Eserde ortaya konan Şiî yaklaşımları sebebiyle eseri mezhebî tefsirler arasında değerlendirenler olmuşsa da modern ilimlere, felsefî ve içtimaî yorumlara yer verildiği dikkate alındığında onu çok yönlü ansiklopedik bir tefsir olarak nitelendirmek ve daha çok içtimaî ve edebî tefsirler arasında mütalaa etmek gerekir.

Telifi Arapça olarak yaklaşık yirmi yıl süren ve 23 Ramazan 1392’de (31 Ekim 1972) tamamlanan el-Mîzân’ın (Bahâeddin Hürremşâhî, et-Tefsîr, s. 91) Tahran’da baskıları yapılmış (1375, 1389, 1392), ayrıca Beyrut’ta neşredilmiştir (1393/1973, 3. baskı).
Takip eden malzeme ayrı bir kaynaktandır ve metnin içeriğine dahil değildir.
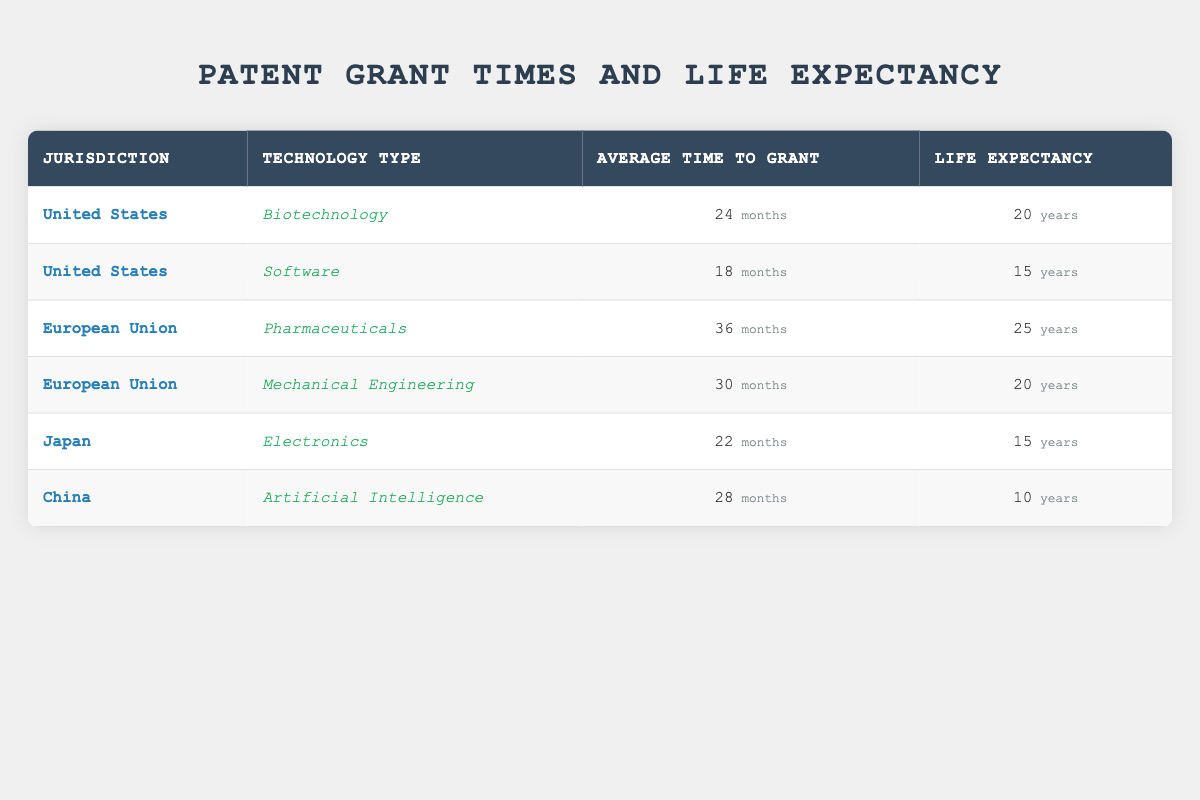What is the average time to grant a patent in the United States for Biotechnology? The table lists the average time to grant a patent for Biotechnology in the United States as 24 months.
Answer: 24 months Which jurisdiction has the shortest average time to grant a patent for Software? In the table, the United States has an average time to grant a patent for Software listed as 18 months, which is the shortest compared to other jurisdictions.
Answer: United States How many years is the life expectancy for patents in the European Union for Pharmaceuticals? According to the table, the life expectancy for patents in the European Union for Pharmaceuticals is 25 years.
Answer: 25 years What is the difference in average time to grant patents between the European Union for Pharmaceuticals and Japan for Electronics? The average time to grant a patent in the European Union for Pharmaceuticals is 36 months and in Japan for Electronics is 22 months; the difference is 36 - 22 = 14 months.
Answer: 14 months Is the life expectancy of patents for AI in China greater than the life expectancy for biotechnology patents in the United States? The life expectancy of patents for AI in China is 10 years, while for biotechnology in the United States it is 20 years; thus, the statement is false.
Answer: No Which technology type has the longest average time to grant a patent, and which jurisdiction does it belong to? The table shows that Pharmaceuticals in the European Union has the longest average time to grant a patent at 36 months.
Answer: Pharmaceuticals in European Union If you add the life expectancy of patents for Software in the United States and Electronics in Japan, what is the total? The life expectancy for Software in the United States is 15 years and for Electronics in Japan is also 15 years; adding them gives 15 + 15 = 30 years.
Answer: 30 years Which jurisdiction has a life expectancy of patents that is lower than 15 years? The table indicates that the only jurisdiction with a life expectancy lower than 15 years is China with 10 years for Artificial Intelligence.
Answer: China 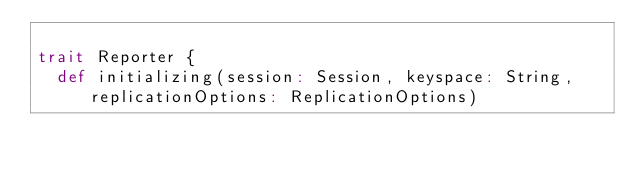Convert code to text. <code><loc_0><loc_0><loc_500><loc_500><_Scala_>
trait Reporter {
  def initializing(session: Session, keyspace: String, replicationOptions: ReplicationOptions)</code> 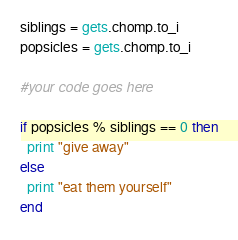Convert code to text. <code><loc_0><loc_0><loc_500><loc_500><_Ruby_>siblings = gets.chomp.to_i
popsicles = gets.chomp.to_i

#your code goes here

if popsicles % siblings == 0 then
  print "give away"
else
  print "eat them yourself"
end
</code> 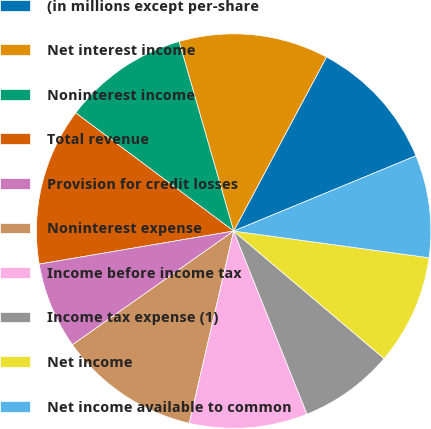<chart> <loc_0><loc_0><loc_500><loc_500><pie_chart><fcel>(in millions except per-share<fcel>Net interest income<fcel>Noninterest income<fcel>Total revenue<fcel>Provision for credit losses<fcel>Noninterest expense<fcel>Income before income tax<fcel>Income tax expense (1)<fcel>Net income<fcel>Net income available to common<nl><fcel>10.97%<fcel>12.26%<fcel>10.32%<fcel>12.9%<fcel>7.1%<fcel>11.61%<fcel>9.68%<fcel>7.74%<fcel>9.03%<fcel>8.39%<nl></chart> 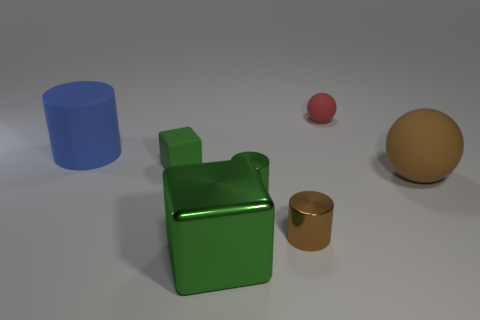Taking into account the shadows, what can you discern about the light source in this scene? Observing the direction and length of the shadows cast by the objects, it is apparent that the light source is situated to the top left of the scene. The shadows are relatively soft, which suggests that the light source may be diffused, possibly from an overhead diffuser, or a soft-box used in a photography studio setup. 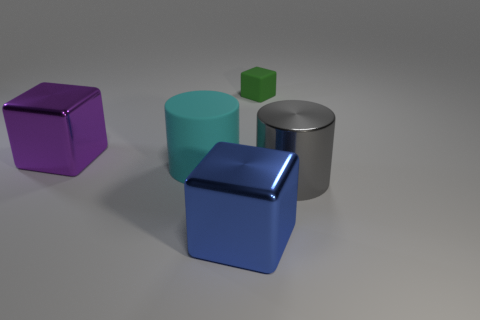Subtract 1 blocks. How many blocks are left? 2 Add 1 matte things. How many objects exist? 6 Subtract all cubes. How many objects are left? 2 Add 5 big cyan things. How many big cyan things are left? 6 Add 5 purple metal things. How many purple metal things exist? 6 Subtract 0 yellow cubes. How many objects are left? 5 Subtract all gray shiny balls. Subtract all shiny objects. How many objects are left? 2 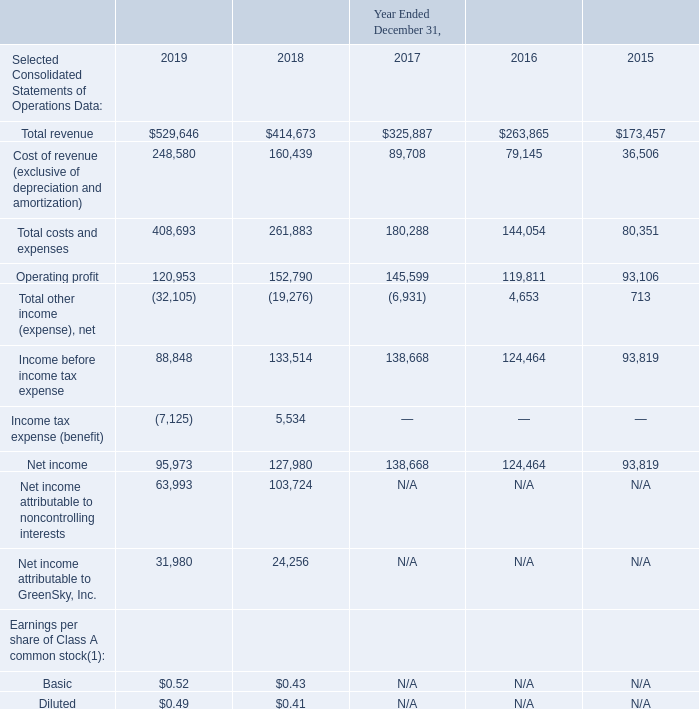ITEM 6. SELECTED FINANCIAL DATA (Dollars in thousands, except per share data and unless otherwise indicated)
The Selected Consolidated Statements of Operations Data for the years ended December 31, 2019, 2018 and 2017 and the Selected Consolidated Balance Sheet Data as of December 31, 2019 and 2018 were derived from our Consolidated Financial Statements included in Item 8 of this Form 10-K. The Selected Consolidated Statements of Operations Data for the years ended December 31, 2016 and 2015 and the Selected Consolidated Balance Sheet Data as of December 31, 2017 and 2016 were derived from our audited Consolidated Financial Statements not included in this Form 10-K. Our historical results are not necessarily indicative of the results to be expected in the future. You should read the following financial information together with the information under Item 7 "Management's Discussion and Analysis of Financial Condition and Results of Operations" and the Consolidated Financial Statements and related notes included in Item 8.
GS Holdings and GSLLC are our predecessors for accounting purposes and, accordingly, amounts prior to the Reorganization Transactions and IPO represent the historical consolidated operations of either GS Holdings or GSLLC and its subsidiaries. The amounts as of December 31, 2019 and 2018 and during the period from May 24, 2018 through December 31, 2019 represent those of consolidated GreenSky, Inc. and its subsidiaries. Prior to the Reorganization Transactions and IPO, GreenSky, Inc. did not engage in any business or other activities except in connection with its formation and initial capitalization. See Note 1 to the Notes to Consolidated Financial Statements in Item 8 for further information on our organization.
(1) Basic and diluted earnings per share of Class A common stock are applicable only for the period from May 24, 2018 through December 31, 2019, which is the period following the Reorganization Transactions and IPO. See Note 2 to the Notes to Consolidated Financial Statements in Item 8 for further information.
Which years does the table provide information for the company's Selected Consolidated Statements of Operations Data? 2019, 2018, 2017, 2016. What was the total revenue in 2015?
Answer scale should be: thousand. 173,457. What was the operating profit in 2017?
Answer scale should be: thousand. 145,599. How many years did Total costs and expenses exceed $200,000 thousand? 2019##2018
Answer: 2. What was the change in the cost of revenue between 2017 and 2018?
Answer scale should be: thousand. 160,439-89,708
Answer: 70731. What was the percentage change in operating profit between 2015 and 2016?
Answer scale should be: percent. (119,811-93,106)/93,106
Answer: 28.68. 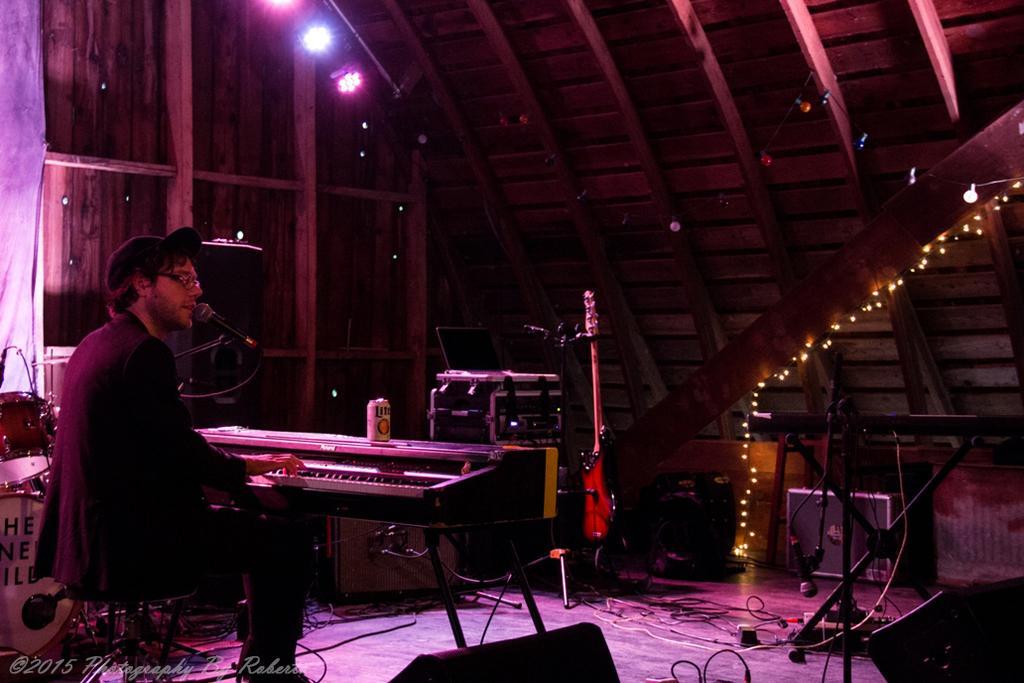Please provide a concise description of this image. This picture shows a man seated and playing piano and singing with the help of a microphone and we see few lights on the top

Tefsiri Muhammed Bâkır Mûsevî Terceme-i Tefsîrü’l-Mîzân adıyla Farsça’ya (I-XX, Kum, 1363-1367 hş./1984-1988), Seyyid Saîd Ahdar Rızvî al-Mizan: An Exegesis of the Qur’an ismiyle İngilizce’ye (I-VI, Tahran 1403-1406/1983-1986), Vahdettin İnce ile Salih Uçan da el-Mizân fî Tefsiri’l-Kur’an adıyla Türkçe’ye tercüme etmiştir (İstanbul 1993-2004; tamamı yirmi cilt olacak tercümenin 2004 yılı itibariyle ilk sekiz cildi yayımlanmıştır).
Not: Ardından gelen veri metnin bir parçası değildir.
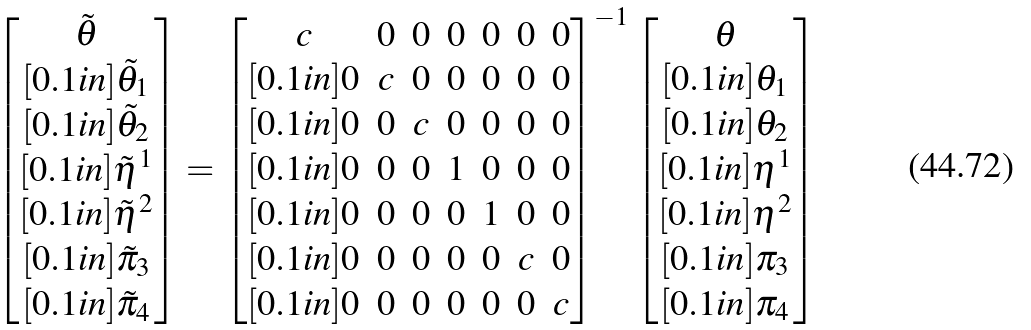Convert formula to latex. <formula><loc_0><loc_0><loc_500><loc_500>\begin{bmatrix} \tilde { \theta } \\ [ 0 . 1 i n ] \tilde { \theta } _ { 1 } \\ [ 0 . 1 i n ] \tilde { \theta } _ { 2 } \\ [ 0 . 1 i n ] \tilde { \eta } ^ { 1 } \\ [ 0 . 1 i n ] \tilde { \eta } ^ { 2 } \\ [ 0 . 1 i n ] \tilde { \pi } _ { 3 } \\ [ 0 . 1 i n ] \tilde { \pi } _ { 4 } \end{bmatrix} = \begin{bmatrix} c & 0 & 0 & 0 & 0 & 0 & 0 \\ [ 0 . 1 i n ] 0 & c & 0 & 0 & 0 & 0 & 0 \\ [ 0 . 1 i n ] 0 & 0 & c & 0 & 0 & 0 & 0 \\ [ 0 . 1 i n ] 0 & 0 & 0 & 1 & 0 & 0 & 0 \\ [ 0 . 1 i n ] 0 & 0 & 0 & 0 & 1 & 0 & 0 \\ [ 0 . 1 i n ] 0 & 0 & 0 & 0 & 0 & c & 0 \\ [ 0 . 1 i n ] 0 & 0 & 0 & 0 & 0 & 0 & c \end{bmatrix} ^ { - 1 } \begin{bmatrix} \theta \\ [ 0 . 1 i n ] \theta _ { 1 } \\ [ 0 . 1 i n ] \theta _ { 2 } \\ [ 0 . 1 i n ] \eta ^ { 1 } \\ [ 0 . 1 i n ] \eta ^ { 2 } \\ [ 0 . 1 i n ] \pi _ { 3 } \\ [ 0 . 1 i n ] \pi _ { 4 } \end{bmatrix}</formula> 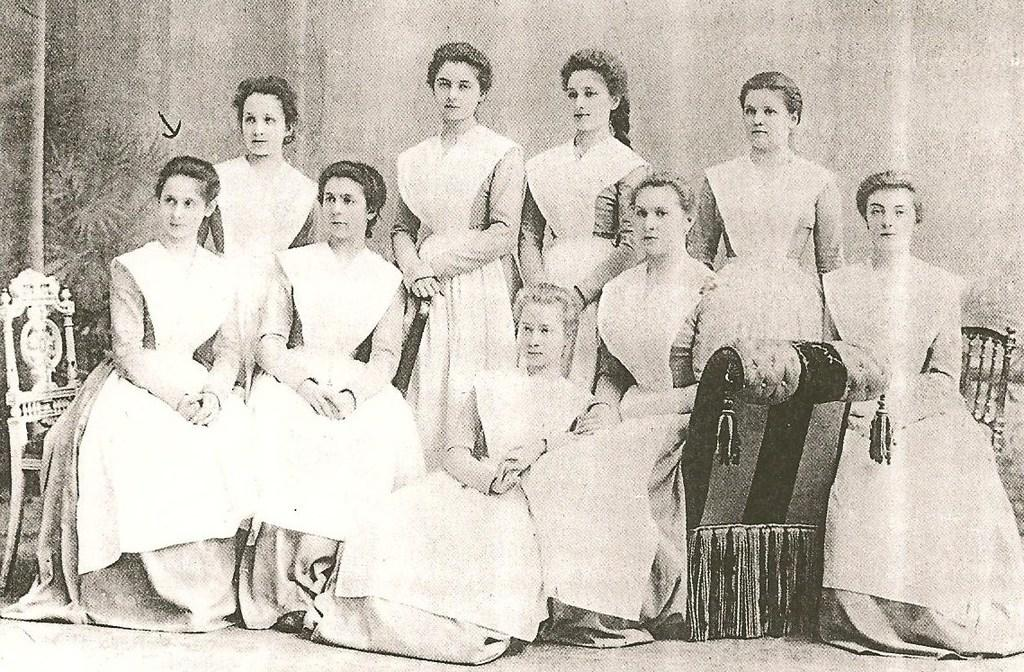What are the people in the image doing? There are people sitting on a couch and standing in the image. What type of furniture is present in the image? There are chairs in the image. What is the color scheme of the image? The image is in black and white. What type of pancake is being served on the zinc table in the image? There is no pancake or zinc table present in the image. What type of net is being used to catch the ball in the image? There is no ball or net present in the image.

el-Mîzân üzerinde bazı çalışmalar yapılmıştır. Bunlar arasında Ali el-Evsî’nin eŧ-Ŧabâŧabâǿî ve menhecühû fî tefsîrihi’l-Mîzân (Tahran 1405/1985), Ali Rızâ Mirza Muhammed’in Miftâĥu’l-Mîzân (I-III, Tahran 1406), İlyâs Kelânterî’nin Delîlü’l-Mîzân fî tefsîri’l-Ķurǿan (Tahran 1362 hş./1412) ve İbn Fezzû‘un Fehârisü’l-Mîzân fî tefsîri’l-Ķurǿan (Kum 1403) adlı eserleri ile Hudayr Ca‘fer’in Tefsîrü’l-Ķurǿân bi’l-Ķurǿân Ǿinde’l-Ǿallâmeti’ŧ-Ŧabâŧabâǿî (Risâletü’l-Ķurǿân, sy. 1, [Kum 1411], s. 38-58) adlı makalesi zikredilebilir.

BİBLİYOGRAFYA:

Tirmizî, “Tefsîr”, 1; M. Hüseyin Tabâtabâî, el-Mîzân, Beyrut 1983, I, 4-14, 275-276; III, 63-64; V, 70, 255, 370; XI, 174; XII, 51; Fehd b. Abdurrahman er-Rûmî, İtticâhâtü’t-tefsîr fi’l-ķarni’r-râbiǾ Ǿaşer, Riyad 1407/1986, s. 239-252; Bahâeddin Hürremşâhî, et-Tefsîr ve’t-tefâsîrü’l-ĥadîŝe, Beyrut 1990, s. 91-106; a.mlf., “Der Bâre-i Tefsîrü’l-Mîzân”, Neşr-i Dâniş, II/1, Tahran 1360 hş., s. 11-17; M. Ali Ayâzî, el-Müfessirûn, Tahran 1414, s. 703-711; Hasan Hasanzâde Âmilî, “ǾAllâme Ŧabâŧabâǿî Müfessir-i Büzürg-i ŞîǾa”, Neşr-i Dâniş, II/1 (1360 hş.), s. 5-10.